Apparently, no inconvenient truths are allowed to mar what you and Foreign Affairs, the foreign policy journal of America's elite, have declared a "roaring capitalist success story". Add Bollywood's singing and dancing stars, beauty queens and Booker prize-winning writers to the Tatas, the Mittals and the IT tycoons, and the picture of Indian confidence, vigour and felicity is complete.
The passive consumer of this image, already puzzled by recurring reports of explosions in Indian cities, may be startled to learn from the National Counterterrorism Center (NCTC) in Washington that the death toll from terrorist attacks in India between January 2004 and March 2007 was 3,674, second only to that in Iraq. (In the same period, 1,000 died as a result of such attacks in Pakistan, the "most dangerous place on earth" according to the Economist, Newsweek and other vendors of geopolitical insight.)
To put it in plain language - which the NCTC is unlikely to use - India is host to some of the fiercest conflicts in the world. Since 1989 more than 80,000 have died in insurgencies in Kashmir and the northeastern states.
Manmohan Singh himself has called the Maoist insurgency centred on the state of Chhattisgarh the biggest internal security threat to India since independence. The Maoists, however, are confined to rural areas; their bold tactics haven't rattled Indian middle-class confidence in recent years as much as the bomb attacks in major cities have.
Politicians and the media routinely blame Pakistan for terrorist violence in India. It is likely that the ISI, Pakistan's intelligence agency, was involved in the bombings two weeks ago in Ahmedabad and Bangalore, which killed 46 people.

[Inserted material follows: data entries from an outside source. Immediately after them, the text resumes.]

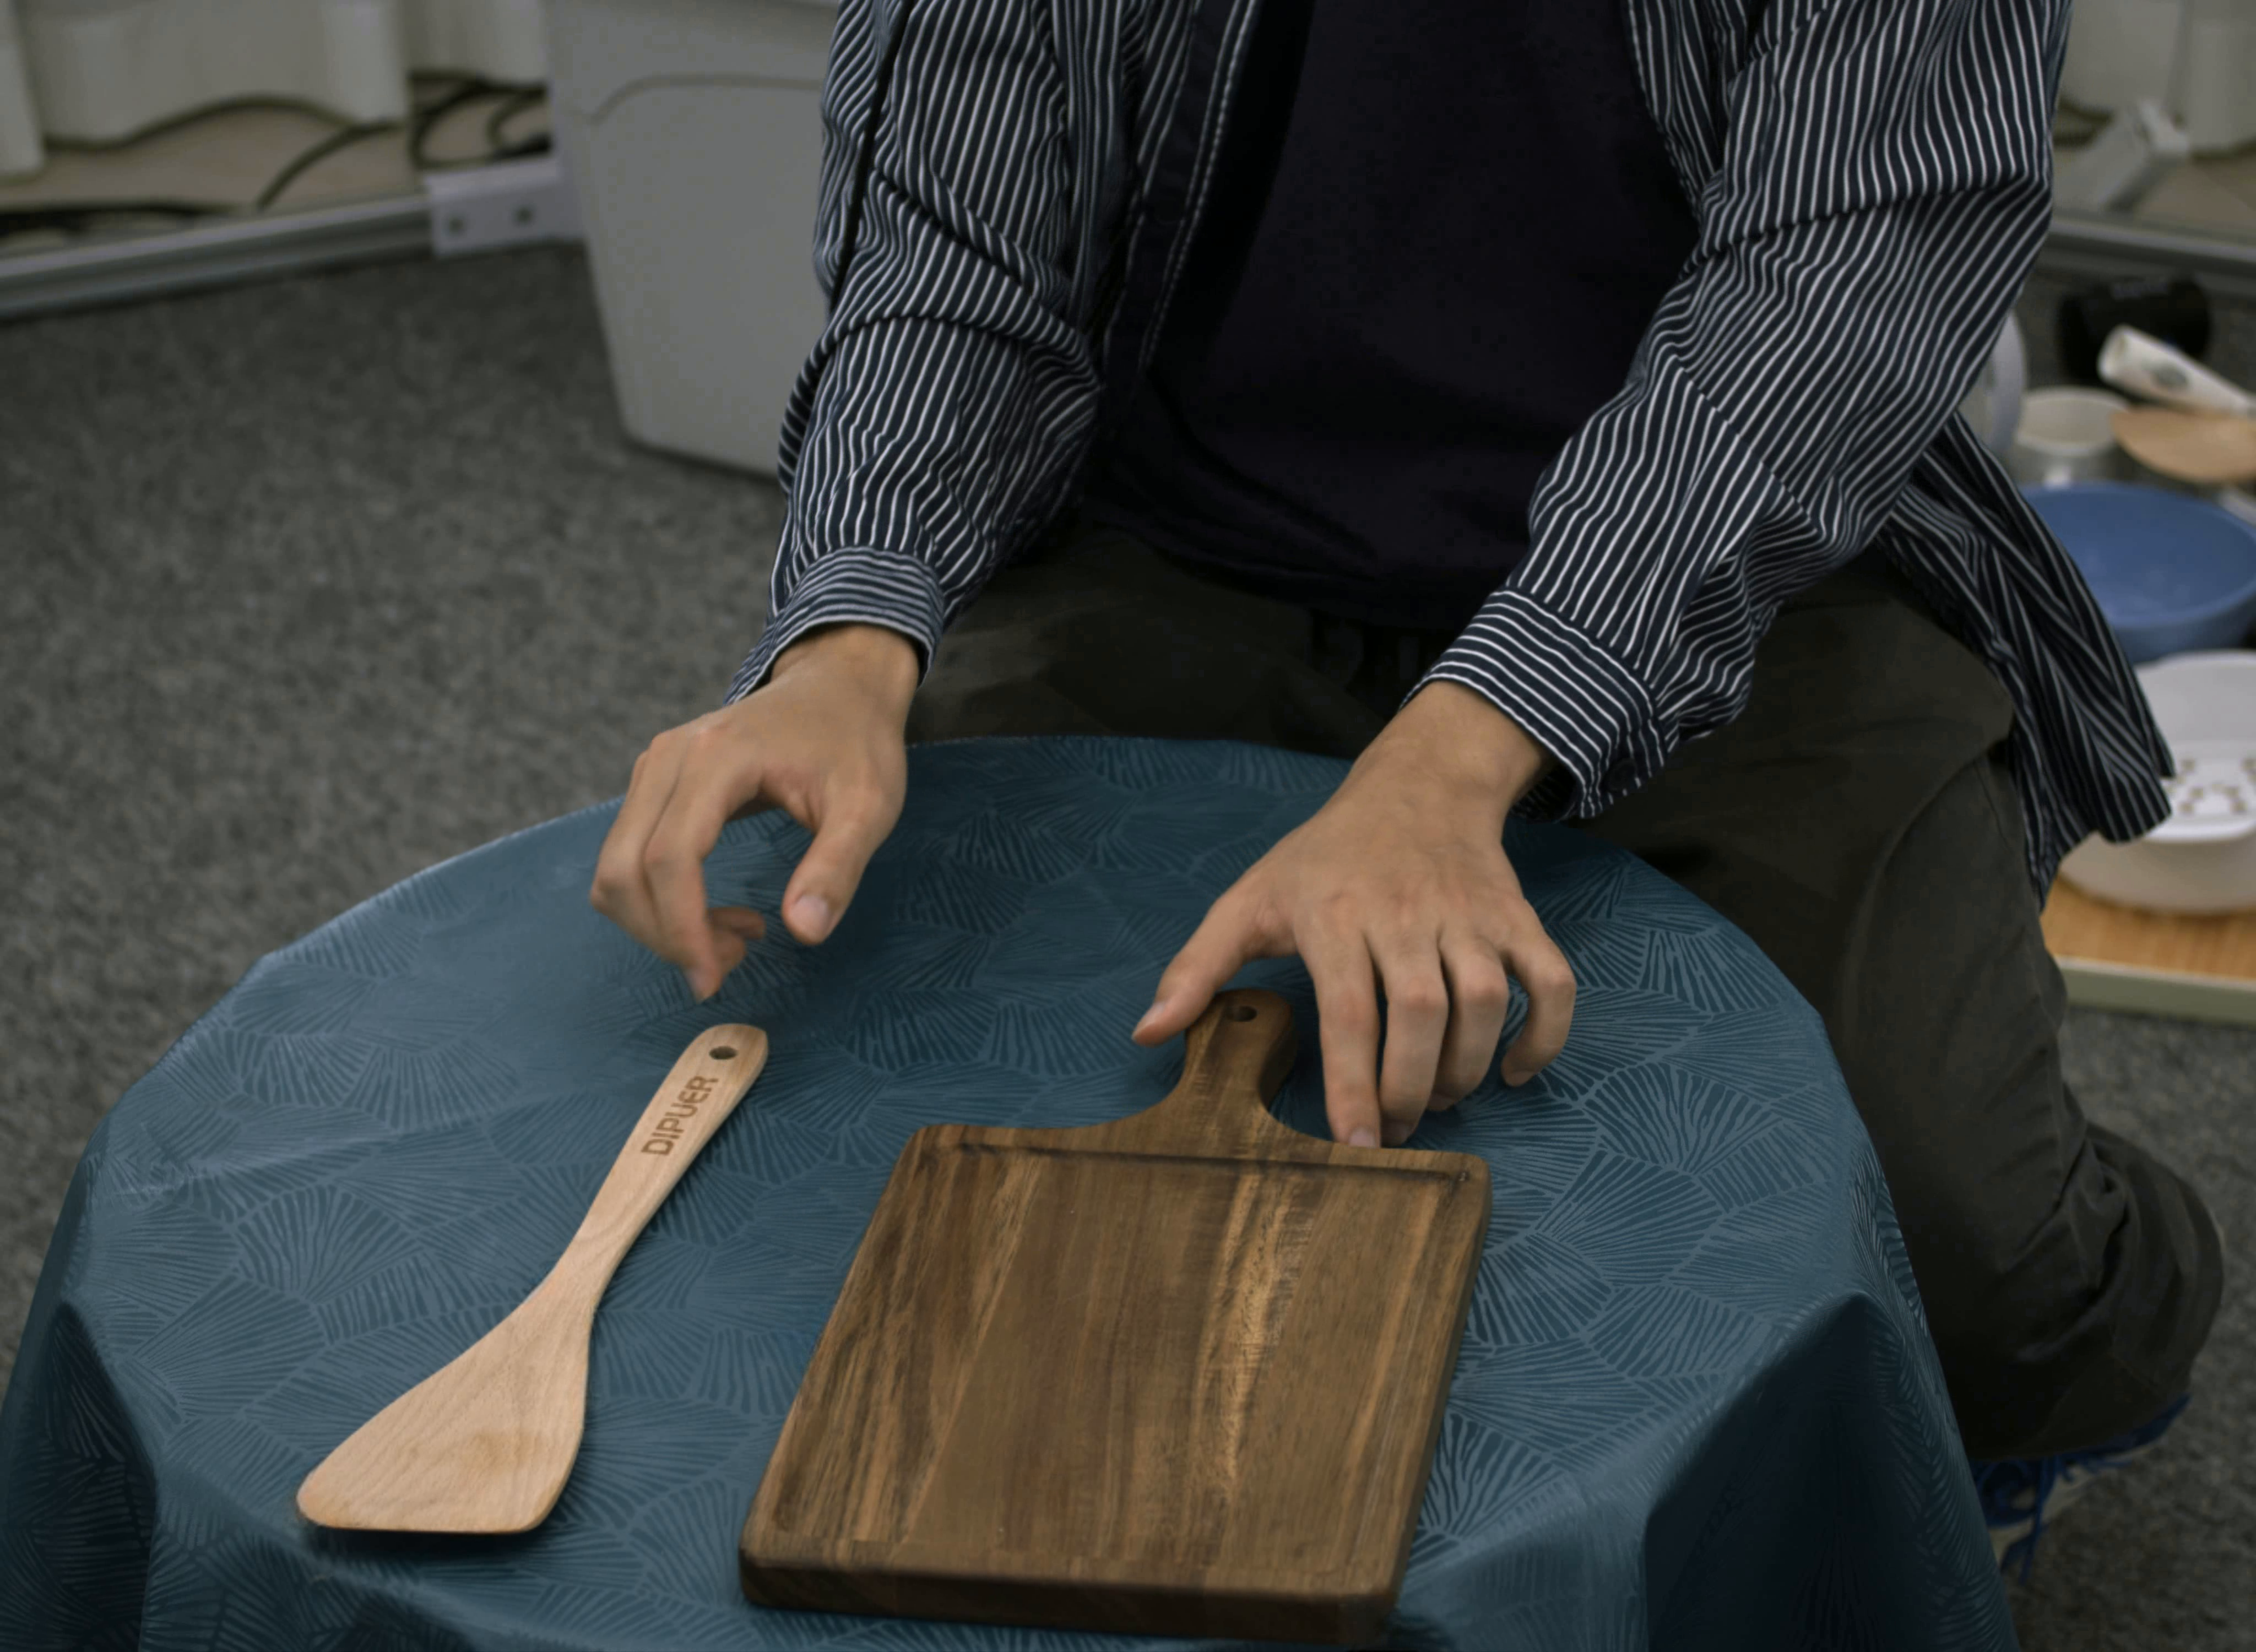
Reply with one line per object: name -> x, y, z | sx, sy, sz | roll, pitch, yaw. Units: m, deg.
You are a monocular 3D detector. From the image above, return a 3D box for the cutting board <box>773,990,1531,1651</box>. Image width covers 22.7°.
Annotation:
cutting board -> 0.022, 0.147, 1.782 | 0.200, 0.023, 0.358 | 3, 28, 11

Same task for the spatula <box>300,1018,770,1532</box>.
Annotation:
spatula -> -0.173, 0.142, 1.817 | 0.079, 0.016, 0.333 | 5, 29, 13

But their scale and audacity also hints that the perpetrators have support networks within India.
The Indian elite's obsession with the "foreign hand" obscures the fact that the roots of some of the violence lie in the previous two decades of traumatic political and economic change, particularly the rise of Hindu nationalism, and the related growth of ruthlessness towards those left behind by India's expanding economy.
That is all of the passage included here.